25 Firavun Musa'yla Harun'u çağırtıp, “Gidin, bu ülkede Tanrınız'a kurban kesin” dedi.
And Pharaoh called for Moses and for Aaron, and said, Go ye, sacrifice to your God in the land.
26 Musa, “Bu doğru olmaz” diye karşılık verdi, “Çünkü Mısırlılar Tanrımız RAB'be kurban kesmeyi iğrenç sayıyorlar. İğrenç saydıkları bu şeyi gözlerinin önünde yaparsak bizi taşlamazlar mı?
And Moses said, It is not meet so to do; for we shall sacrifice the abomination of the Egyptians to Jehovah our God: lo, shall we sacrifice the abomination of the Egyptians before their eyes, and will they not stone us?
27 Tanrımız RAB'be kurban kesmek için, bize buyurduğu gibi üç gün çölde yol almalıyız.”
We will go three days’ journey into the wilderness, and sacrifice to Jehovah our God, as he shall command us.
28 Firavun, “Çölde Tanrınız RAB'be kurban kesmeniz için sizi salıveriyorum” dedi, “Yalnız çok uzağa gitmeyeceksiniz. Şimdi benim için dua edin.”

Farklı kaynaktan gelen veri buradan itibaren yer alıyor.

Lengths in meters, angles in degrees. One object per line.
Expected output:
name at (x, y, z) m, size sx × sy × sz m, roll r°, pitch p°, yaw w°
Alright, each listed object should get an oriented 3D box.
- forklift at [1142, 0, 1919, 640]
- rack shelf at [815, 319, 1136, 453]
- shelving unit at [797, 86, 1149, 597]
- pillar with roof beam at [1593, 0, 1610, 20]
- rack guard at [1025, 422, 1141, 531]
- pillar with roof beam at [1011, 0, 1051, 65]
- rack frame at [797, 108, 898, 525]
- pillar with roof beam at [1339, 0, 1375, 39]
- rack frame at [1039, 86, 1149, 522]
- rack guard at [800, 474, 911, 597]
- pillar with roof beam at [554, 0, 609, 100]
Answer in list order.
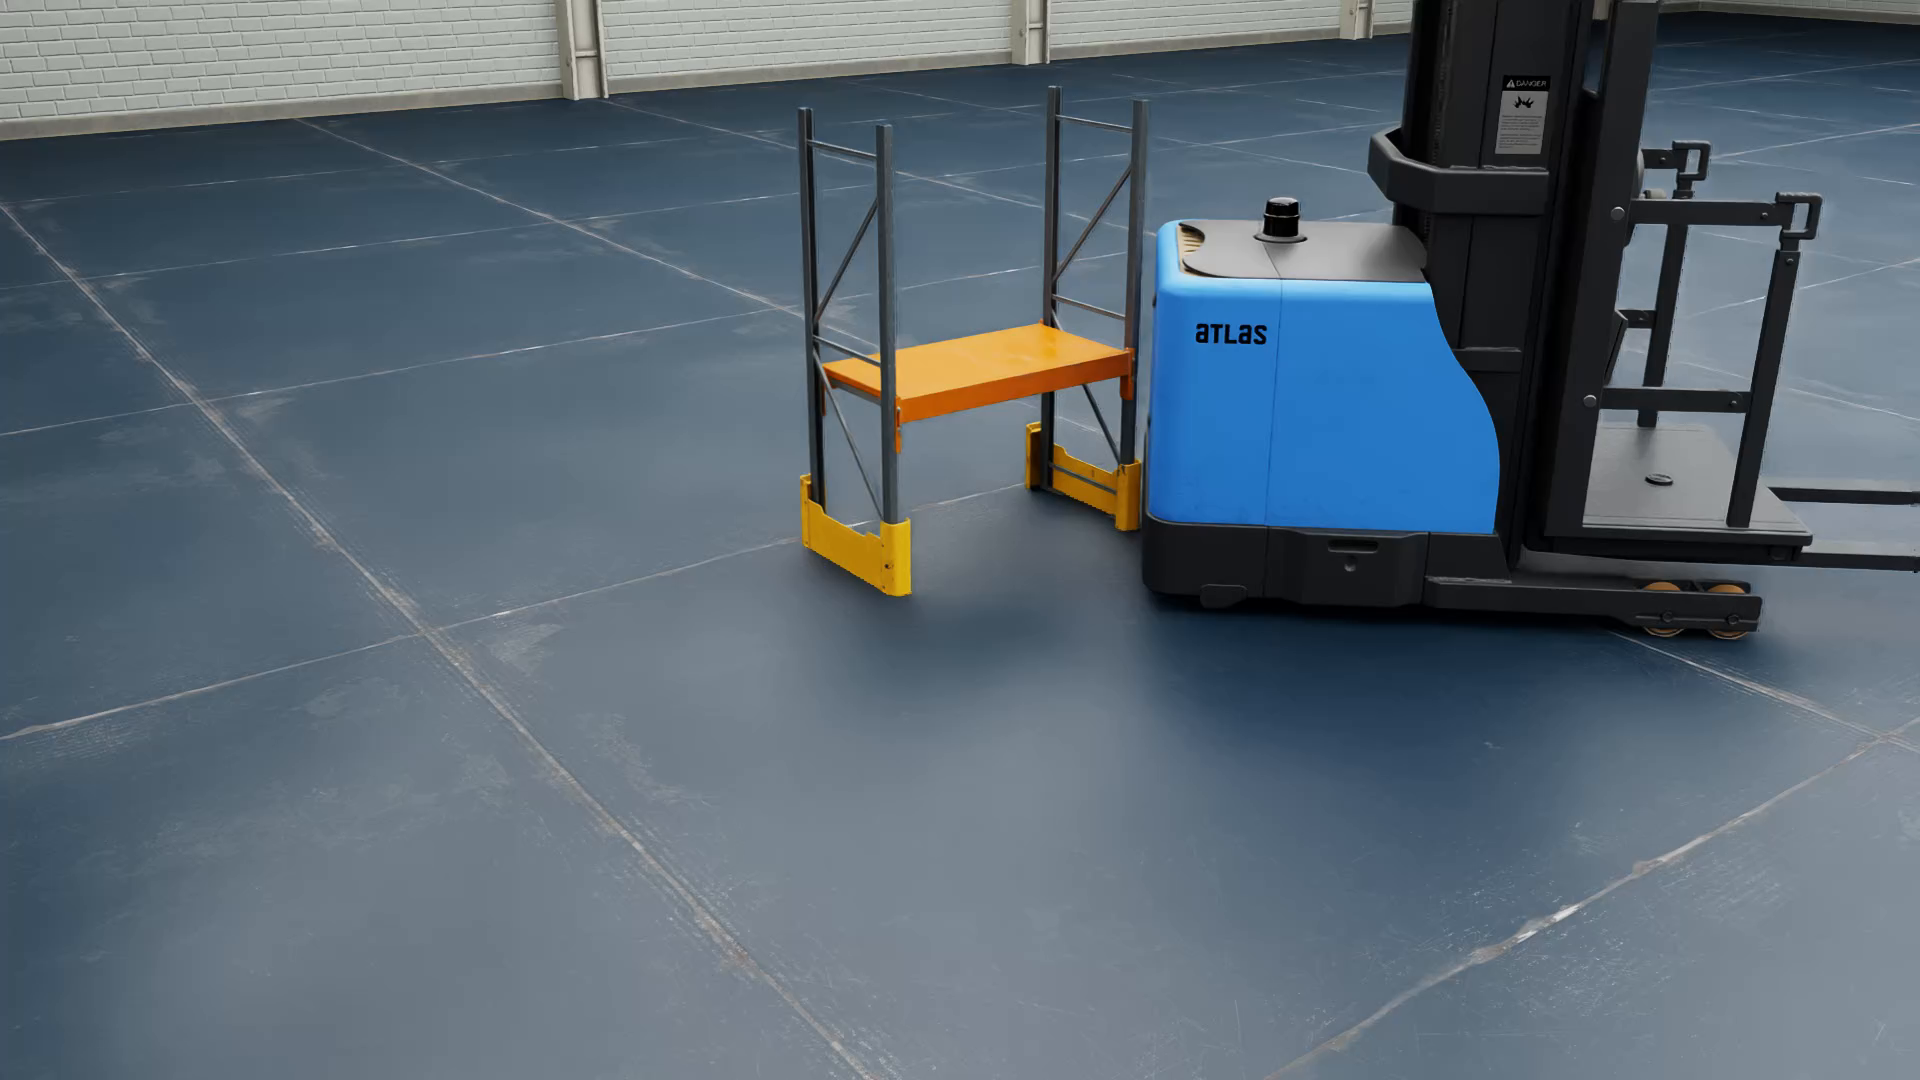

And Pharaoh said, I will let you go, that ye may sacrifice to Jehovah your God in the wilderness; only ye shall not go very far away: entreat for me.
29 Musa, “Yarın at sineklerini firavunun, görevlilerinin, halkının üzerinden uzaklaştırsın diye, yanından ayrılır ayrılmaz RAB'be dua edeceğim” dedi, “Yalnız firavun RAB'be kurban kesmek için halkın gitmesini önleyerek bizi yine aldatmamalı.”
And Moses said, Behold, I go out from thee, and I will entreat Jehovah that the swarms of flies may depart from Pharaoh, from his servants, and from his people, to-morrow: only let not Pharaoh deal deceitfully any more in not letting the people go to sacrifice to Jehovah.
30 Musa firavunun yanından çıkıp RAB'be dua etti.
And Moses went out from Pharaoh, and entreated Jehovah.
31 RAB Musa'nın isteğini yerine getirdi; firavunun, görevlilerinin, halkının üzerinden at sineklerini uzaklaştırdı. Tek sinek kalmadı.
And Jehovah did according to the word of Moses; and he removed the swarms of flies from Pharaoh, from his servants, and from his people; there remained not one.
32 Öyleyken, firavun bir kez daha inatçılık etti ve halkı salıvermedi.
And Pharaoh hardened his heart this time also, and he did not let the people go.